India also criticized the methodology employed in the USTR investigation, claiming it relied on a limited number of case studies and broad global trade patterns rather than country-specific evidence. Mishra noted that the report assumes that imports flagged for forced labor in certain countries eventually reach the U.S. market, without establishing any direct connection between those imports and India’s exports.

Furthermore, he argued that the report fails to provide adequate evidence that India’s policies create an unfair competitive advantage or harm American industries. The Indian government contended that the USTR’s recommendation unfairly categorizes 46 economies, including India, under a single umbrella without offering separate justifications for imposing countrywide tariffs.

In concluding his submission, Mishra urged the USTR to withdraw the proposed tariff after reviewing the inconsistencies identified in the investigation. “In conclusion, it is submitted that the USTR reconsider the imposition of tariff in light of the identified inconsistencies in the report in the Federal Register notice.

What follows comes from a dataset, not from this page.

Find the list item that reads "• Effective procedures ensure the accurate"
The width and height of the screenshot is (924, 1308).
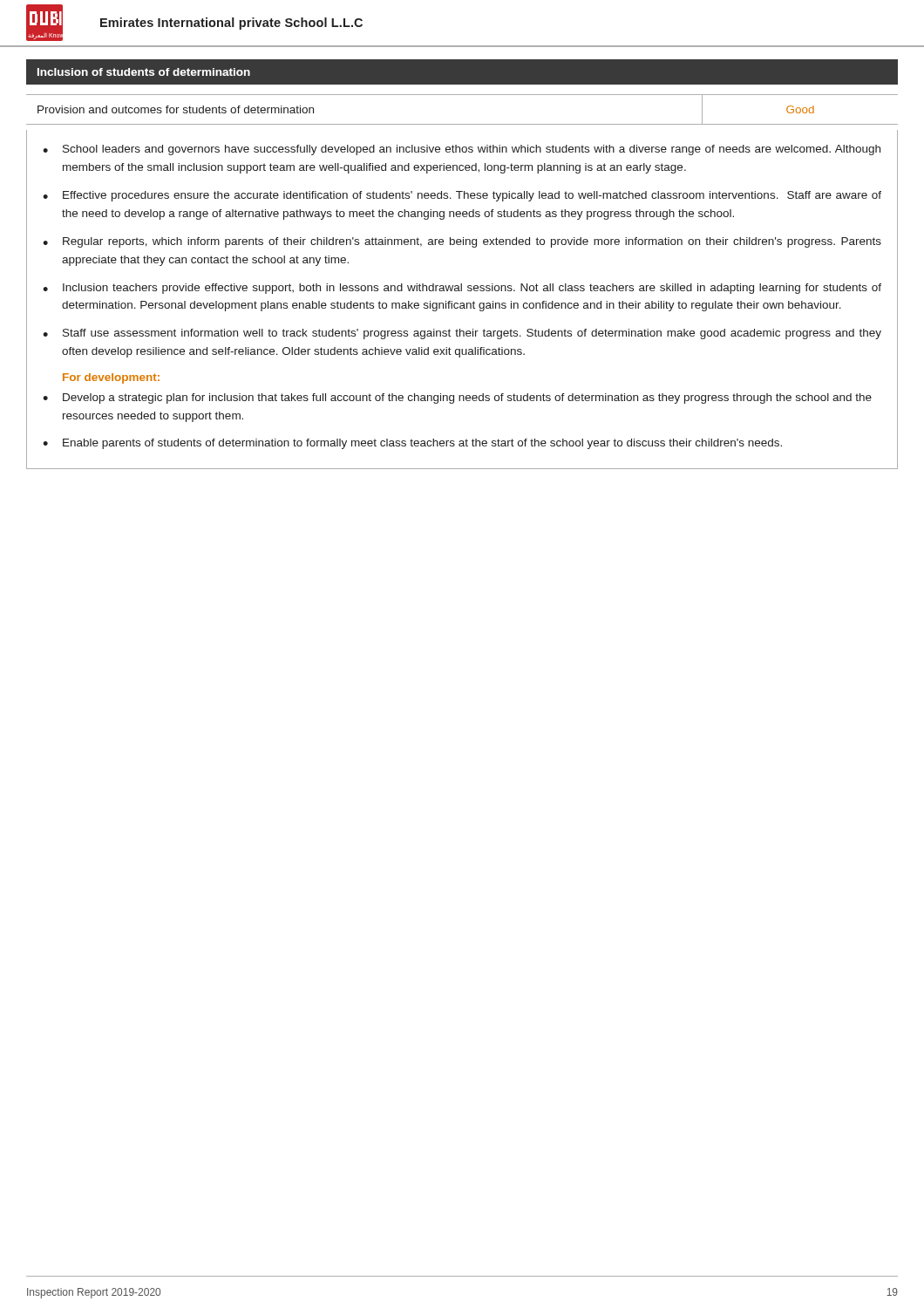click(462, 205)
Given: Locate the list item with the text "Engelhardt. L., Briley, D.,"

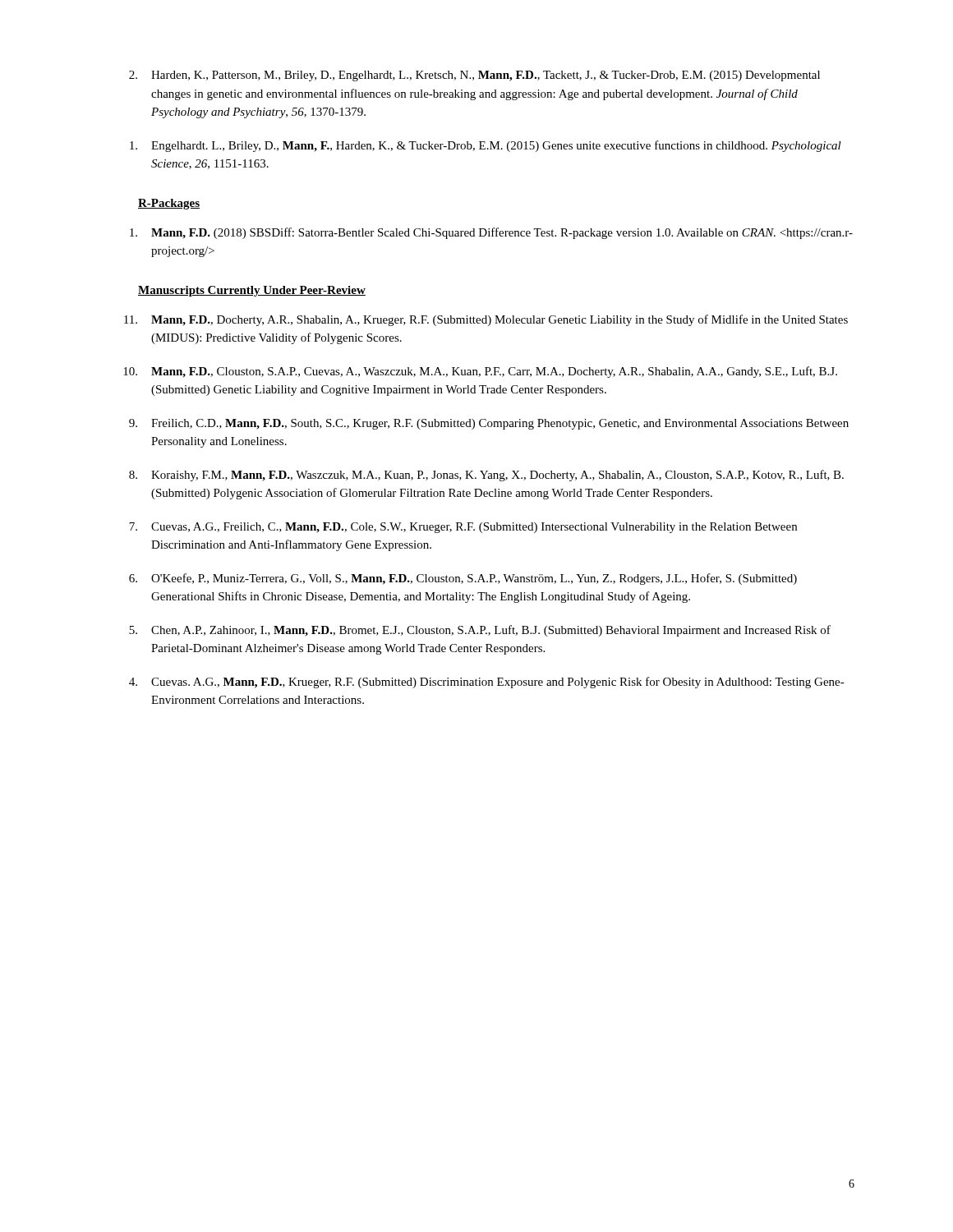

We ask that any trade problems be addressed within the framework of the India-U.S. bilateral trade negotiation, not through unilateral measures such as this investigation,” he stated.

Mishra reiterated India’s willingness to engage in discussions with the USTR through consultations and constructive dialogue to resolve any specific concerns.

In addition to government representatives, industry voices also weighed in on the proposed tariff. Shreyans Gupta, First Secretary at the Embassy of India in Washington, D.C., represented the Agricultural and Processed Food Products Export Development Authority (APEDA). He challenged the USTR’s claims regarding rice imports allegedly produced with forced labor. Gupta noted that India’s rice imports are minimal and primarily cater to niche demands for specific rice varieties.

According to Gupta, the total value of rice imported into India constitutes less than three percent of the value of rice exported from India to the United States. He emphasized that India has strict regulatory safeguards to ensure that imported rice produced with forced labor cannot be re-exported to the U.S. Only rice processed at mills and units registered with India’s agriculture ministry is permitted for export to the American market.

“For these reasons, the present investigation against India may be rescinded without prejudice,” Gupta said, while requesting that Indian rice be exempted from the proposed tariff if the investigation continues.

Indian industry organizations have also expressed opposition to the proposed tariff during the consultation process. The Federation of Indian Chambers of Commerce and Industry (FICCI) cautioned that the additional duty should be carefully reconsidered, as it would increase costs across the supply chain.

“An additional tariff will increase costs not only for Indian exporters but also for U.S. manufacturers, importers, retailers, and ultimately, American consumers,” the chamber stated. FICCI added that higher tariffs would escalate expenses for businesses already complying with regulatory standards and could disrupt reliable India-U.S. supply chains.

The Confederation of Indian Industry (CII) also contended that the proposed 12.5% tariff is not supported by the evidence presented in the investigation. According to CII, the USTR report does not establish that India’s policy framework places an unfair burden on U.S. commerce.

The USTR launched two separate Section 301 investigations on March 11 and 12, 2026, covering 60 economies due to concerns related to forced labor and excess industrial capacity. On June 3, it released findings from the forced labor investigation and proposed additional tariffs on imports from the affected economies.

The proposal recommends a 10% tariff on imports from Canada, Ecuador, the European Union, Indonesia, Mexico, and Pakistan, while imports from 54 other economies, including India and China, would face a proposed 12.5% tariff.

This proposal has not yet been finalized. The USTR is currently reviewing public comments and testimony submitted during the hearing before making a final decision on whether to implement the proposed tariffs, according to The Sunday Guardian.